A Victorian woman is pleading for people to stay at home during the coronavirus crisis after a severe case of the flu left her husband in a coma for more than a month.
Gemma Loomans, from Melbourne, says it breaks her heart to see so many people still out and about and brushing off the virus as "just a bad flu" that will only sicken the elderly.
"Please, from someone who sat by the person they love more than anything in the world for over a month not knowing if he would wake up, please stay home," she said in a warning to friends on Facebook.
Ms Loomans' 33-year-old partner Damian developed bilateral pneumonia and acute respiratory distress syndrome (Ards) after coming down with the flu earlier this year. Severe cases of the coronavirus can also cause pneumonia and Ards.
The ordeal left Damian, who had no underlying health conditions, in a coma and hooked up to a breathing machine for four weeks, Loomans said.
He also had "tubes the size of garden hoses" inserted into each of his thighs to help keep oxygen pumping into his blood after his lungs failed.
"Ten-millimetre incision straight through the throat into the windpipe to allow breathing tube; 3 calls made by the hospital to me at night time during that period, to let me know treatments weren't working and they were running out of options, or he had developed new infections," Loomans recalled.
"Six weeks spent in ICU, 2 weeks in a recovery ward and an estimated four months at home including learning to walk, eat and talk again … 29kg of muscle wastage from being stationary in bed; nightmares and hallucinations still to this day, from the medication used to keep him sedated."

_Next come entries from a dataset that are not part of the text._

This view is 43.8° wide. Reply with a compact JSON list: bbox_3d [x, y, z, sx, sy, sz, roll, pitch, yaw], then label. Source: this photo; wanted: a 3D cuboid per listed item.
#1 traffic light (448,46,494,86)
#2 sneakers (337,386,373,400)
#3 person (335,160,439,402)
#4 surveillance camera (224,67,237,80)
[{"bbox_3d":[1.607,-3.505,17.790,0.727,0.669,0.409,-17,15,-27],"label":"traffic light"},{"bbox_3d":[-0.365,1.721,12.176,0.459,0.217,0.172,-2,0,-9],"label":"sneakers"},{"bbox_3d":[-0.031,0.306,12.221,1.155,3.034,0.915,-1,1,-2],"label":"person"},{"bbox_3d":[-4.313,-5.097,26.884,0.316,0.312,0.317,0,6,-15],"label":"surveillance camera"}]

More than 3600 cases of coronavirus have now been confirmed across Australia and 14 people have died.
The Australian government has imposed strict social distancing measures in an effort to slow the spread of the disease, but Loomans said some people still didn't "get it".

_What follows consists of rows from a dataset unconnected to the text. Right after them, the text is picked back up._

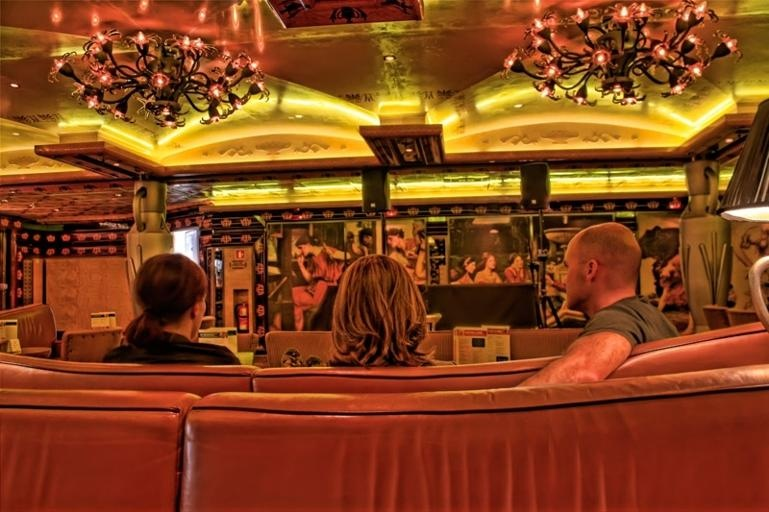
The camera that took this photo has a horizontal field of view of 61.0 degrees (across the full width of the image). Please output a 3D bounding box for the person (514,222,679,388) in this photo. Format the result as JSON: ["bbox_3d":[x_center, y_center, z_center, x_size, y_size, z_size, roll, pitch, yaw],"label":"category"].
[{"bbox_3d":[1.759,0.345,5.206,0.842,0.970,1.904,2,-1,35],"label":"person"}]

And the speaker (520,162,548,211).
[{"bbox_3d":[1.903,-0.897,8.339,0.365,0.617,0.232,0,-1,25],"label":"speaker"}]

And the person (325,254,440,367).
[{"bbox_3d":[-0.009,0.252,3.627,0.763,0.698,0.545,-1,7,-1],"label":"person"}]

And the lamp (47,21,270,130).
[{"bbox_3d":[-2.038,-1.603,6.116,1.490,0.482,1.313,0,-19,-15],"label":"lamp"}]

"The only reason Damian survived is because the resources were available … if there were no hospital beds, he would be dead," she said.
"Please, stay away from other people … don't be selfish. We thought it wouldn't happen to us either, but it did and it does.
"We had each other. People with Covid-19 are in hospital, isolated and separated from their loved ones. Imagine how alone and scared they must feel."
Loomans said her husband's illness came as the couple should have been celebrating their "miraculous pregnancy".
"The nurses knew the gender of the baby before Damian, because he was unconscious fighting for his life. He missed all of the early baby scans. Because of 'just' the flu".